The solution is to not install CUDA on your base system because you need multiple versions of CUDA and some of them are often incompatible with your distro provided GCC.

Here is what works for me:

- Nvidia drivers on base linux system (rpmfusion/fedora in my case)

- Install nvidia container toolkit

- Use a cuda base container image and run all your code inside podman or docker

I admit it's been a while (2 years) since I last played with Nvidia/CUDA (on Jetson) and back then running CUDA inside Docker was still somewhat arcane, but in my experience, whatever the Nvidia documentation lays out works well until you want to 1) cut down on container image size (important for caches and build pipelines) and, to this end, understand what individual deb packages and libraries do, 2) run the container on a system different from the official Nvidia Ubuntu image.

Back then the docs were just awful. Has this really changed that much in recent times?

Containers have always come in different flavors that represent their sizes and capabilities. For example, runtime containers have the bare minimum to get the application running but none of the debug tools.
The docs are still terrible, coupled with AWS / GCP docs around these things it makes it near impossible to get this stuff to work without investing a significant amount of time.
Pytorch is the most painless one because everything is bundled in the wheel. Latest stable CUDA supported by PyTorch is 11.8 and I have been running it on a CUDA 12.0 machine because CUDA is backward compatible. Tensorflow on the other hands, requires compilation with the installed CUDA library and it’s truly a pain since I can’t change the machine’s CUDA version.
Hardware before software!
ATI/AMD GPUs supposedly have great hardware, hamstrung by less-than-great software. In fact it's the lack of some software features making me hesitate to switch despite major cost savings.
AMD drivers are fine if you only care about gaming. There's the occasional idiocy like the default fan curve for my graphics card refusing to run higher than 70% so that the card will cook itself if you actually use it and hard crash your system or the driver, but eh.

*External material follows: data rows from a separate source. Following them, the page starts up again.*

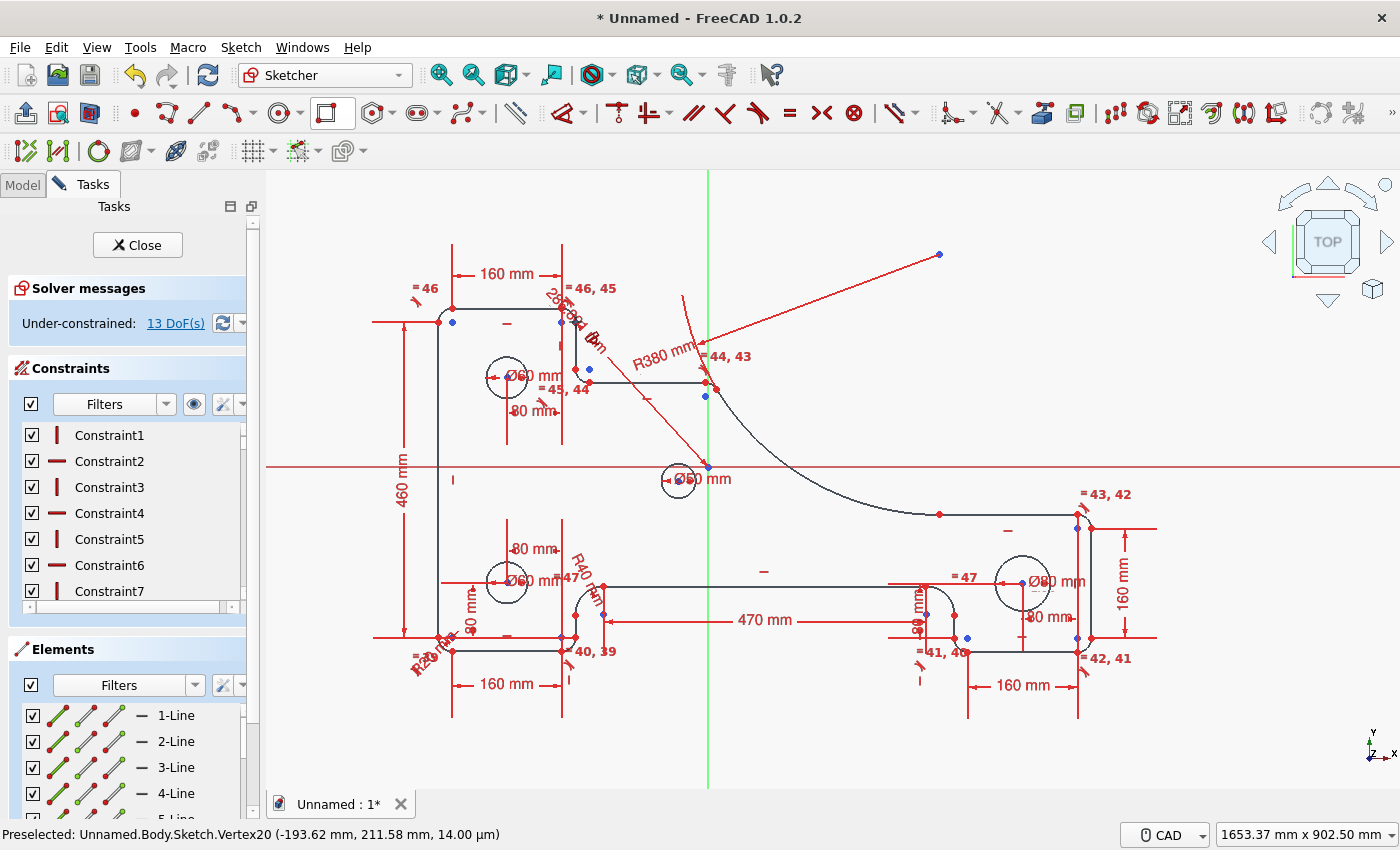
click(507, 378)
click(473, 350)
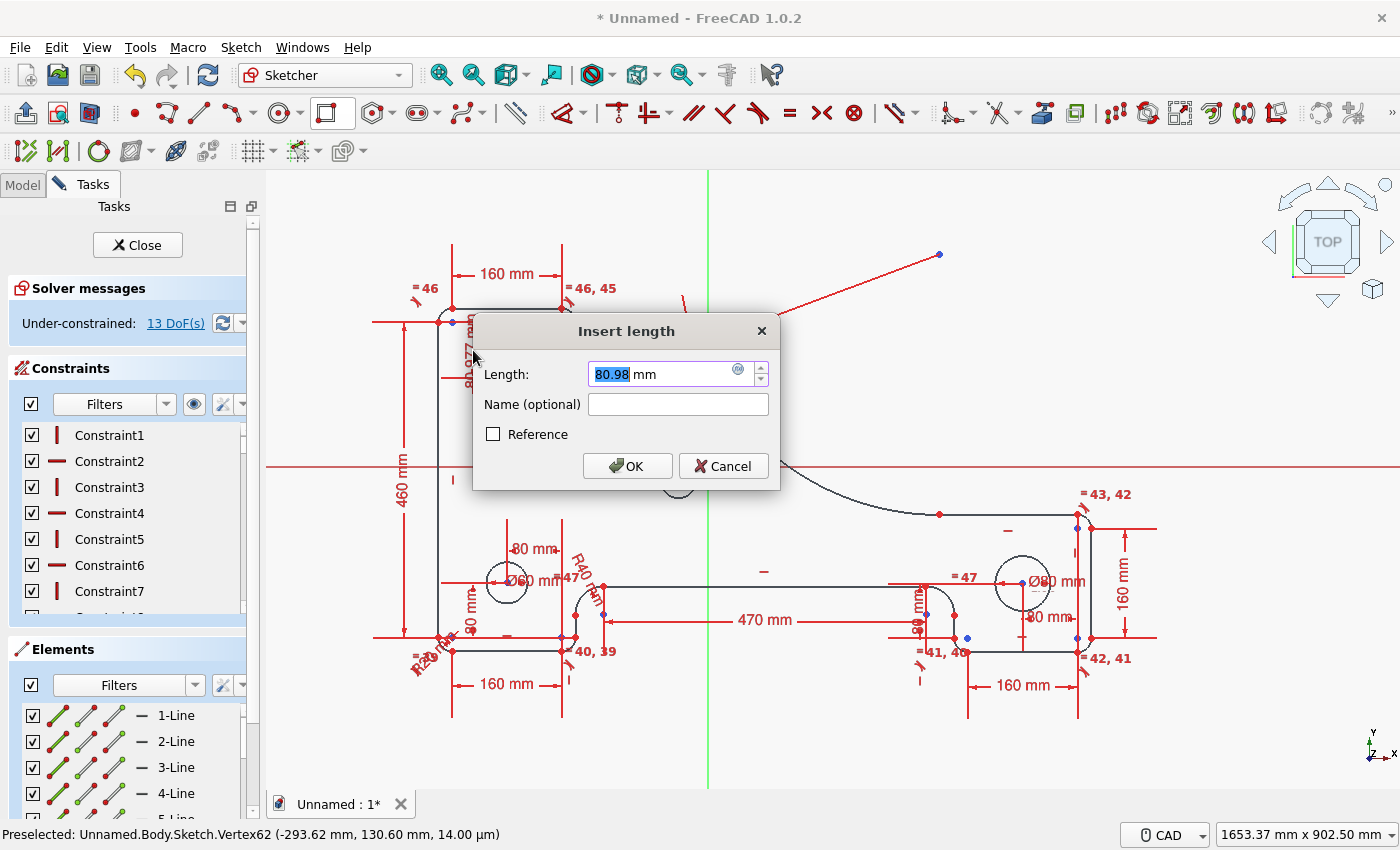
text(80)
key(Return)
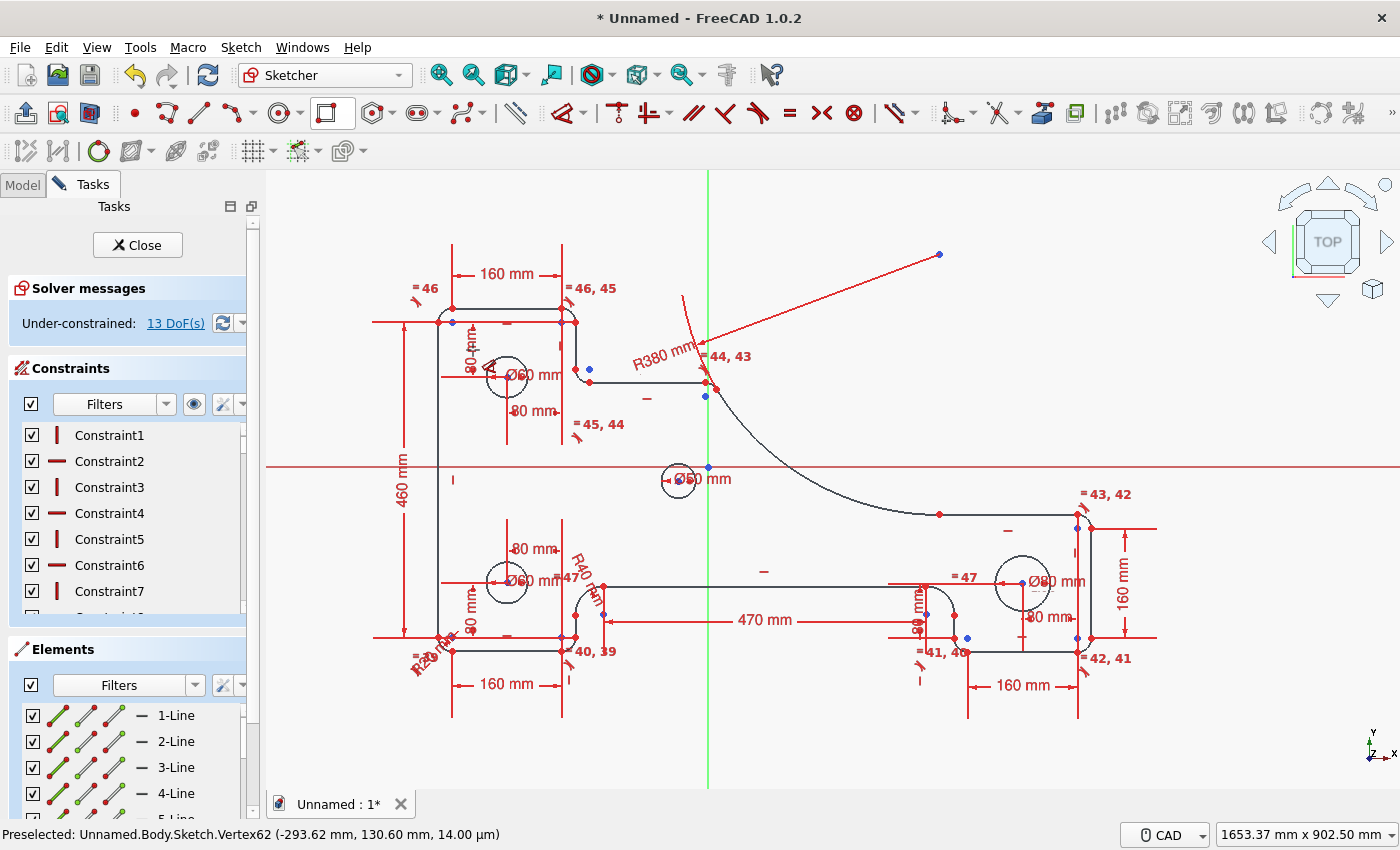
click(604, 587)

The real problem is that ROCm is a fucking joke, pathetic, half assed, pretend project. Nobody with power in AMD seems to care that nobody can learn machine learning on their hardware to push it in other places, or that their GPUs that they have recently spent all this time boasting about their higher VRAM which is literally useless unless you want to play poorly optimized AAA titles ported from the PS5.

People say it works but you basically have to be one of the engineers who wrote it to prove that. Good luck getting it to work with Windows, or any hardware that wasn't purpose built for a cluster partner. It's so stupid. Maybe they genuinely intended to make a real CUDA competitor but noticed the ways that nVidia then had to artificially segment their market through dumb decisions (the VRAM) and bios hacks that didn't work and just gave up on that path.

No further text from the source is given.